In 1995, he moved on to form Farm Dogs with Elton John's lyricist Bernie Taupin and they released two albums. During 1997, Cregan started to work with Windham Hill Records as both a producer and musician. Over the next four years he worked as producer and musician with artists such as Janis Ian, Kathleen Keane, Peabo Bryson, Cat Stevens, W.G Snuffy Walden, Grand Drive, Gaelic Storm and Joe Cocker. His work achieved top five hits in different charts and several more platinum selling records. He recorded two platinum selling albums with Katie Melua, Call off the Search (2003) and Piece By Piece (2005), he has also toured extensively with her.
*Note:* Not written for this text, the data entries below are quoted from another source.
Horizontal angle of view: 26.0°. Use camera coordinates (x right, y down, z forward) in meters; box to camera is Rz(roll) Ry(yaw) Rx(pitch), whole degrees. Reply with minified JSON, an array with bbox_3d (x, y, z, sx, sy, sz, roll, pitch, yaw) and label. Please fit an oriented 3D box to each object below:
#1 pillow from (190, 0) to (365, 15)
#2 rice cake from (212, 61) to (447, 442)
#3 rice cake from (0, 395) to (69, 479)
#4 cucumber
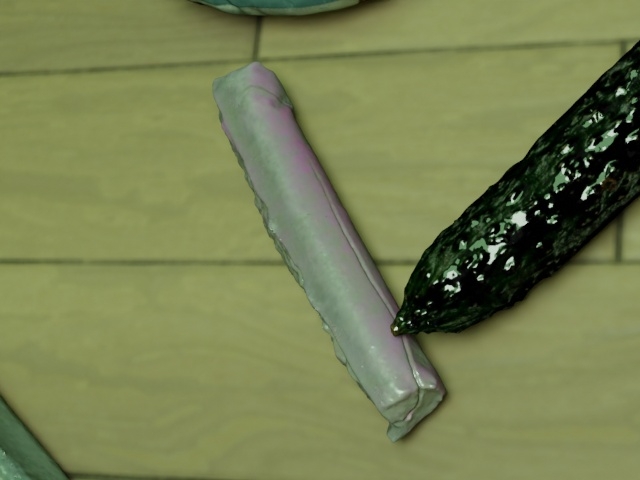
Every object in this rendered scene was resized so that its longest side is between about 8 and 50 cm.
[{"bbox_3d":[-0.020,-0.248,0.935,0.233,0.086,0.214,-3,67,18],"label":"pillow"},{"bbox_3d":[0.000,0.000,0.864,0.055,0.049,0.270,-25,64,-2],"label":"rice cake"},{"bbox_3d":[-0.232,0.127,0.904,0.063,0.066,0.336,-45,62,3],"label":"rice cake"},{"bbox_3d":[0.155,-0.045,0.807,0.300,0.072,0.072,-44,63,4],"label":"cucumber"}]

Cregan was re-united with Roger Chapman in 2005, at first for live performances and then to produce Chapman's solo album One More Time For Peace (2007).
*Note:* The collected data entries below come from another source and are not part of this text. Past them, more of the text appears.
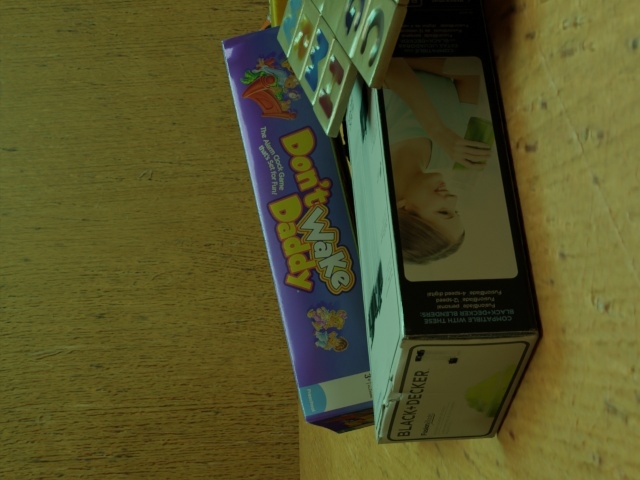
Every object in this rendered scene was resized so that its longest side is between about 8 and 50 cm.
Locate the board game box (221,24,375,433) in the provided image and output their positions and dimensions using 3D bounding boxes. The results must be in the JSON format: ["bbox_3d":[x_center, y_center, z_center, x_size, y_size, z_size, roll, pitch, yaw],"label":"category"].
[{"bbox_3d":[0.000,0.000,1.200,0.233,0.078,0.347,56,-159,-78],"label":"board game box"}]

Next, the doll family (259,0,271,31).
[{"bbox_3d":[-0.001,-0.262,1.812,0.263,0.118,0.163,-137,49,-58],"label":"doll family"}]

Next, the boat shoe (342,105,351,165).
[{"bbox_3d":[0.059,-0.097,1.212,0.219,0.077,0.070,37,-130,-84],"label":"boat shoe"}]

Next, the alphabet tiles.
[{"bbox_3d":[0.027,-0.247,0.938,0.342,0.011,0.285,-113,38,-61],"label":"alphabet tiles"}]

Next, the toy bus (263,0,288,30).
[{"bbox_3d":[-0.002,-0.246,1.517,0.333,0.130,0.108,-96,5,-46],"label":"toy bus"}]

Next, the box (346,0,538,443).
[{"bbox_3d":[0.077,-0.020,0.905,0.169,0.087,0.290,96,172,-57],"label":"box"}]

In 2008, Cregan formed Creative Music Management with music business lawyer Robert W. Allan. Together they managed singer songwriter, Charlie Hole. Hole's first album, The Joy of a Caged Bird, was released in December 2012 on Cocomack Records. In 2011, he formed his own band, Cregan & Co. This gave him the opportunity to perform the songs he had written, recorded and co-produced with Rod Stewart. In January 2013, Roger Chapman reformed Family for two concerts in London at the Shepherd's Bush Empire, coinciding with Family winning Classic Rock magazine's "Spirit of Progressive Rock" Award. On 13 September 2015, Cregan joined Rod Stewart on stage at the BBC Radio 2 "Live in Hyde Park, London Festival" and joined Family for the group's final shows in late 2016, as part of a line up which only featured Chapman, Poli Palmer and Cregan's work with the band.
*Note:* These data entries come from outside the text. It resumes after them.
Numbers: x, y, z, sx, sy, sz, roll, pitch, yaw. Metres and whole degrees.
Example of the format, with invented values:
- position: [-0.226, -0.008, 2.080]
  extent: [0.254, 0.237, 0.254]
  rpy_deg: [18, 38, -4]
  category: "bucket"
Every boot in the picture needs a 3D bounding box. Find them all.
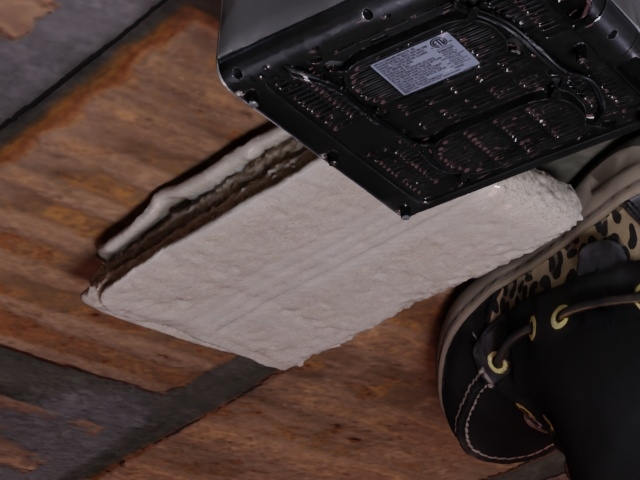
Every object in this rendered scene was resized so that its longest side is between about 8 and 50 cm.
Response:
- position: [0.182, 0.137, 1.031]
  extent: [0.138, 0.284, 0.377]
  rpy_deg: [9, 147, -19]
  category: "boot"

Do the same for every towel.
- position: [0.000, 0.000, 1.013]
  extent: [0.187, 0.049, 0.282]
  rpy_deg: [21, 144, -39]
  category: "towel"

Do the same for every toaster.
- position: [0.066, -0.107, 0.766]
  extent: [0.186, 0.110, 0.168]
  rpy_deg: [-21, 147, 29]
  category: "toaster"

In 2019, Cregan released his autobiography And on Guitar... for which Stewart wrote the foreword. Along with broadcaster Alex Dyke and Spandau Ballet singer Tony Hadley, he began a podcast in 2020 called Stars Cars Guitars, which is also hosted on a YouTube channel.

==Discography==

With Mike Batt
- Tarot Suite (1979)
- Waves (1980)

With Blossom Toes
- We Are Ever So Clean (1967)
- If Only for a Moment (1969)

With Roger Chapman
- One More Time For Peace (Mystic, 2007)

With Rita Coolidge
- Love Lessons (Alfa, 1992)

With Julie Driscoll
- 1969 (1971)

With David Essex
- Cover Shot (Polygram, 1993)

With Family
- It's Only a Movie (1973)

With Farm Dogs
- Last Stand in Open Country (1996)
- Immigrant Sons (1998)

With Steve Harley
- Hobo with a Grin (EMI, 1978)
- Yes You Can (CTE, 1992)
- Uncovered (Absolute, 2020)

With Steve Harley & Cockney Rebel
- The Best Years of Our Lives (EMI, 1975)
- Timeless Flight (EMI, 1976)
- Love's a Prima Donna (EMI, 1976)

With Murray Head
- Say It Ain't So (Island, 1976)
- Between Us (Phillips, 1979)

With Janis Ian
- God and the FBI (Windham Hill, 2000)

With Yusuf Islam
- Tea for the Tillerman 2 (Island, 2020)

With Linda Lewis
- Lark (1972)
- Fathoms Deep (1973)
- Not a Little Girl Anymore (1975)
- Woman Overboard (1977)

With Katie Melua
- Call off the Search (Dramatico, 2003)
- Piece by Piece (Dramatico, 2005)

With The Quireboys
- A Bit of What You Fancy (1990)

With Bruce Roberts
- Bruce Roberts (1978)

With Rod Stewart
- Foot Loose & Fancy Free (Warner Bros., 1977)
- Blondes Have More Fun (Warner Bros., 1978)
- Foolish Behaviour (Riva, 1980)
- Tonight I'm Yours (Riva, 1981)
- Body Wishes (Warner Bros., 1983)
- Camouflage (Warner Bros., 1984)
- Every Beat of My Heart (Warner Bros., 1986)
- Out of Order (Warner Bros., 1988)
- Vagabond Heart (Warner Bros., 1991)
- A Spanner in the Works (Warner Bros., 1995)
- Time (Capitol, 2013)

With Streetwalkers
- Chapman Whitney Streetwalkers (1974)

With Stud
- September (1972)
- Goodbye Live at Command (1973)

With Roger Taylor
- Happiness? (Parlophone, 1994)

With Glass Tiger
- Air Time: The Best of Glass Tiger (1993)

With various artists
- Tribute to Curtis Mayfield with Rod Stewart (1994)

== Music videos ==

| Year | Song | Album | Director(s) |
|---|---|---|---|
| 2012 | Hot Legs | 'Cregan & Co' | Simeon Lumgair |

==Personal life==
Cregan was married to Linda Lewis for five years. He later married Hollywood model Jane Booke and lived in Los Angeles. On Steve Harley's BBC Radio 2 show aired in January 2004, he explained that he had grown tired of Los Angeles culture and moved back to the U.K.